▶ [TASK DIRECTIONS]: Look through the material below and report every line that includes "wide".

▶ [DATA IN THIS EXERCISE]:
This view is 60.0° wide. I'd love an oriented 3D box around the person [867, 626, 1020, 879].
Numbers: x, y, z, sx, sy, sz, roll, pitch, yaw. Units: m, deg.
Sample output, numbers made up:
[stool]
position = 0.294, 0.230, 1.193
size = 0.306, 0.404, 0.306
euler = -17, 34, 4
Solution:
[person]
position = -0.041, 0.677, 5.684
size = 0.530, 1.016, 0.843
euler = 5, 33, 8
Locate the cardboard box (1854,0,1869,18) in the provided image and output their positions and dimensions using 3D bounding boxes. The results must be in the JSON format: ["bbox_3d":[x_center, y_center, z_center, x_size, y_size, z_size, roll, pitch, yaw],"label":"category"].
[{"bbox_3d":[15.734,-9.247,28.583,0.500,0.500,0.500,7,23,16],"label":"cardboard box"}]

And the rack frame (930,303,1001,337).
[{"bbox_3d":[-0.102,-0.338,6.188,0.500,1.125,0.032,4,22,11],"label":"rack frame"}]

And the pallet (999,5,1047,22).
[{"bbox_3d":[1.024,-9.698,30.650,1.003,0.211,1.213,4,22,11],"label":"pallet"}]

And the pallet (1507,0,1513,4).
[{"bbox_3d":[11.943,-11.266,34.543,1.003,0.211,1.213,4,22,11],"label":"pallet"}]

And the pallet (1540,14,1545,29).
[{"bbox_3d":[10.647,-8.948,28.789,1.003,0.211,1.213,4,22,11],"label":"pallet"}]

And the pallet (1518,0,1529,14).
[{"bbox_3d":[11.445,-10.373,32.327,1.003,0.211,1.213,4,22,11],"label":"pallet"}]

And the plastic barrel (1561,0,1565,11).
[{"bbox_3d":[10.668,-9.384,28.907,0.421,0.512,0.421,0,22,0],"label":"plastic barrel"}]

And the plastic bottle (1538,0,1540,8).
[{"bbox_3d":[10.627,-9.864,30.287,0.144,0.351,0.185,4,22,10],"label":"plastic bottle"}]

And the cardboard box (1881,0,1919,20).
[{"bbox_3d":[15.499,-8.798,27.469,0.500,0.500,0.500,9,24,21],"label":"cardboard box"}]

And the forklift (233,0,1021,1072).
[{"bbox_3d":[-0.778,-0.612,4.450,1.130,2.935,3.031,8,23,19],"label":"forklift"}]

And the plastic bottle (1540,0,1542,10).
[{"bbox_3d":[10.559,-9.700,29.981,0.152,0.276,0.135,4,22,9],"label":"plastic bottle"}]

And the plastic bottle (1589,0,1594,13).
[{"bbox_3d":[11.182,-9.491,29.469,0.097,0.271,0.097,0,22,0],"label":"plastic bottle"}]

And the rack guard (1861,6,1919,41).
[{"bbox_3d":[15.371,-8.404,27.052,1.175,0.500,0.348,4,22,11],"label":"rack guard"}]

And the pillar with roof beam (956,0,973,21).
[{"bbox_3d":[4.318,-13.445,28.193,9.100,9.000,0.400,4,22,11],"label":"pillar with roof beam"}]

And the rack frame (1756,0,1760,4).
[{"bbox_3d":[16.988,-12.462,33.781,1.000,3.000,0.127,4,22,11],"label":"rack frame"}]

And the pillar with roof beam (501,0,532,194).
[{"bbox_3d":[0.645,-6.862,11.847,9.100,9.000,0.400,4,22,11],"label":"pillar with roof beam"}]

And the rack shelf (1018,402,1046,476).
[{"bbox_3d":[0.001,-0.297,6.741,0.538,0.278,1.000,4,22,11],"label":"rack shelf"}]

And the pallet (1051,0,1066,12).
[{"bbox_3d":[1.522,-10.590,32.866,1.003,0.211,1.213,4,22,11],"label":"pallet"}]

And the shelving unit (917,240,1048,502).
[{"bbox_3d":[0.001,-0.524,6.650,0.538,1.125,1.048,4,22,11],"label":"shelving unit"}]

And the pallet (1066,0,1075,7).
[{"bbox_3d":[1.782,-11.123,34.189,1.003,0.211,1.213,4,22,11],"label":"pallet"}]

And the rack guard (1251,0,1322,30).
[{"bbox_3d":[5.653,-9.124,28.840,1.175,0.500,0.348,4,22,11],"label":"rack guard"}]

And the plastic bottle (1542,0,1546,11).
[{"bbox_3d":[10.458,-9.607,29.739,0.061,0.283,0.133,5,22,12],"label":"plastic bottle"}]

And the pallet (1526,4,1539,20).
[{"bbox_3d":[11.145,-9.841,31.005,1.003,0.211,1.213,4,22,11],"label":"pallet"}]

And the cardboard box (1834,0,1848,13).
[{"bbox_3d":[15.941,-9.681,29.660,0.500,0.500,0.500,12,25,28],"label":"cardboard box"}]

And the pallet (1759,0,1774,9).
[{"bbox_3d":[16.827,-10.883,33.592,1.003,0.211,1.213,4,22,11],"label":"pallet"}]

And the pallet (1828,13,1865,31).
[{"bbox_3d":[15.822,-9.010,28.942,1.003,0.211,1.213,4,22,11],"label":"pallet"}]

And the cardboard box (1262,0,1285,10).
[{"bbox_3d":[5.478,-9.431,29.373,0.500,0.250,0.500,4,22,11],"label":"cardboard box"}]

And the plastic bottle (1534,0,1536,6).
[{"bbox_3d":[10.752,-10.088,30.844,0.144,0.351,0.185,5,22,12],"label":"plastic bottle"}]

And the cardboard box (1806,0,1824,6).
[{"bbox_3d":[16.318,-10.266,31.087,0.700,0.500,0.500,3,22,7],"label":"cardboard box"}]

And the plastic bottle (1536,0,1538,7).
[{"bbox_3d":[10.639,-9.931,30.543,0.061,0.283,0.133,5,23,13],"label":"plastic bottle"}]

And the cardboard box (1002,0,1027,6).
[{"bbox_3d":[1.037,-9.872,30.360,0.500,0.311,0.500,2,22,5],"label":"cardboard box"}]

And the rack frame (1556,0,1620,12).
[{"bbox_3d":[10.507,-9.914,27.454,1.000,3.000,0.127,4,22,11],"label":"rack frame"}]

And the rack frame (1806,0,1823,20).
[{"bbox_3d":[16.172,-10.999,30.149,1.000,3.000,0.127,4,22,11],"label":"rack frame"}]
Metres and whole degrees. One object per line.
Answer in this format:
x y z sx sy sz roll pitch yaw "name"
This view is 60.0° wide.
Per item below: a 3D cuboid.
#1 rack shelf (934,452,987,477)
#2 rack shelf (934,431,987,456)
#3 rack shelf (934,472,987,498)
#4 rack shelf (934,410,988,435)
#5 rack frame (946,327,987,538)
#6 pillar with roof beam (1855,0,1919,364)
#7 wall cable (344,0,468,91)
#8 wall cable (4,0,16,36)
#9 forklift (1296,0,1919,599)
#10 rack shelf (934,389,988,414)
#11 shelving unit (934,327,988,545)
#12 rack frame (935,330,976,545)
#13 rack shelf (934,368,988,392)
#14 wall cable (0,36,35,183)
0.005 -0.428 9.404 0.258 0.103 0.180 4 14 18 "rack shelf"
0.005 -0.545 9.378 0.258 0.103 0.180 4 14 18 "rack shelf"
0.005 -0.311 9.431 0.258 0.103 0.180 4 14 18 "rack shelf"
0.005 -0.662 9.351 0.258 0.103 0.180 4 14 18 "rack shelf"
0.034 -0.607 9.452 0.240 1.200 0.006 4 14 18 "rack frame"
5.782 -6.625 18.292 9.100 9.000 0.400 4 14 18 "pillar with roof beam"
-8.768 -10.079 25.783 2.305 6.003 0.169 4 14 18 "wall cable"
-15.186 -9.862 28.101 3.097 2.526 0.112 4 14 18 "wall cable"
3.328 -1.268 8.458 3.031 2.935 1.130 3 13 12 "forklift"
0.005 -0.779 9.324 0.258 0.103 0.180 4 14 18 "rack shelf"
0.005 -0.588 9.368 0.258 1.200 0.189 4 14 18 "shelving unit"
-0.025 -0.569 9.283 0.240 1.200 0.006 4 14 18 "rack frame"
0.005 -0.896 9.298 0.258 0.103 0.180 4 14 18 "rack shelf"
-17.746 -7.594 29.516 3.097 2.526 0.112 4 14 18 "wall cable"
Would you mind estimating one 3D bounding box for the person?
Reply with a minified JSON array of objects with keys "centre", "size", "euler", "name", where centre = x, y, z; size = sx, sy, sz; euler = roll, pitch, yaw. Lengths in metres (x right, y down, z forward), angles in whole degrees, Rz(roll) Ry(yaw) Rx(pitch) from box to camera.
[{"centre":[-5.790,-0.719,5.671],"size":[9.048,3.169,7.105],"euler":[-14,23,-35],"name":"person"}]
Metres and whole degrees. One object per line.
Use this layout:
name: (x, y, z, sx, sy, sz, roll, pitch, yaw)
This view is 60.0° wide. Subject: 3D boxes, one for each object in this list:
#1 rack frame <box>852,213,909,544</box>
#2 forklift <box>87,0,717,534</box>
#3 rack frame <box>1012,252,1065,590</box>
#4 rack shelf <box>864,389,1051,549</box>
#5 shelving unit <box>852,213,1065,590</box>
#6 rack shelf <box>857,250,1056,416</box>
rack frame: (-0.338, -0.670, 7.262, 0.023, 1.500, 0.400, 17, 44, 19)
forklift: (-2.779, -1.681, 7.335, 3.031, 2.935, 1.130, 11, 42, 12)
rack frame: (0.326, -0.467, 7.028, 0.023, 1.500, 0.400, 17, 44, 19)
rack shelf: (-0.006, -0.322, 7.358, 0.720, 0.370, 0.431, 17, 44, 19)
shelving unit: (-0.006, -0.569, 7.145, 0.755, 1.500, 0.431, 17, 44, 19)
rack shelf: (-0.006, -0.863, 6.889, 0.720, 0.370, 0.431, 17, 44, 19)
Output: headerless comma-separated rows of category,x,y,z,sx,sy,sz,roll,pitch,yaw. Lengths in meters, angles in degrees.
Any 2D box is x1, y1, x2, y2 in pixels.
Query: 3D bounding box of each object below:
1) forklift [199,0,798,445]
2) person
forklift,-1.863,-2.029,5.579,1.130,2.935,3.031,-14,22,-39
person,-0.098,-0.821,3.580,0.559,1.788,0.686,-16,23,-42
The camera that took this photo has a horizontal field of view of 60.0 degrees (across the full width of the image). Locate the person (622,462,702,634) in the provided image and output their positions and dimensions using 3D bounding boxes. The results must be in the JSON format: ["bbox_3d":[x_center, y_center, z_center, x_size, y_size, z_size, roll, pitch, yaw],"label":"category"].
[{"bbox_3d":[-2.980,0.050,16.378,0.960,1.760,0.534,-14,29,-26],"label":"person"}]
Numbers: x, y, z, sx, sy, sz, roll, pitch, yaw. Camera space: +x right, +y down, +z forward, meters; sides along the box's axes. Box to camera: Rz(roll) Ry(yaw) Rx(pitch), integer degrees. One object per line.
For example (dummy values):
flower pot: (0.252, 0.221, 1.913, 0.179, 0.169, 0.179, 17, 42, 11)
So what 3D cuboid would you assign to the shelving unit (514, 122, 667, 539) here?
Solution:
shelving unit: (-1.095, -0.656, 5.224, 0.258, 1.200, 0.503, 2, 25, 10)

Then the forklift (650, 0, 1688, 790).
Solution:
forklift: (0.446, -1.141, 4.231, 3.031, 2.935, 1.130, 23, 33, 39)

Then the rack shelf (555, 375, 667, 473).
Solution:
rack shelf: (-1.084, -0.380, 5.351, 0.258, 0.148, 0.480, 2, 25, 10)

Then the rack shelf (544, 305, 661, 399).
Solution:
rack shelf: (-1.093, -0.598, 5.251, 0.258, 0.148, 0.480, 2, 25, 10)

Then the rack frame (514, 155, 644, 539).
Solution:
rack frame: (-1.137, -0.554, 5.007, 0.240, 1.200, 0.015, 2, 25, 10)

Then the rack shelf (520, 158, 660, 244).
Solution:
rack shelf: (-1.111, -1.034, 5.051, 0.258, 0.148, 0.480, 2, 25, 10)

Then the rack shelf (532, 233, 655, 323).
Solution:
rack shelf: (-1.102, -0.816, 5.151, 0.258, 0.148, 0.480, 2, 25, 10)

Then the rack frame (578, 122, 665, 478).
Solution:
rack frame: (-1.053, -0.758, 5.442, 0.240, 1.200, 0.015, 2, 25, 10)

▶ [THE COMPLETED TASK]:
This view is 60.0° wide. I'd love an oriented 3D box around the person [867, 626, 1020, 879].
This view is 60.0° wide.
This view is 60.0° wide. Subject: 3D boxes, one for each object in this list:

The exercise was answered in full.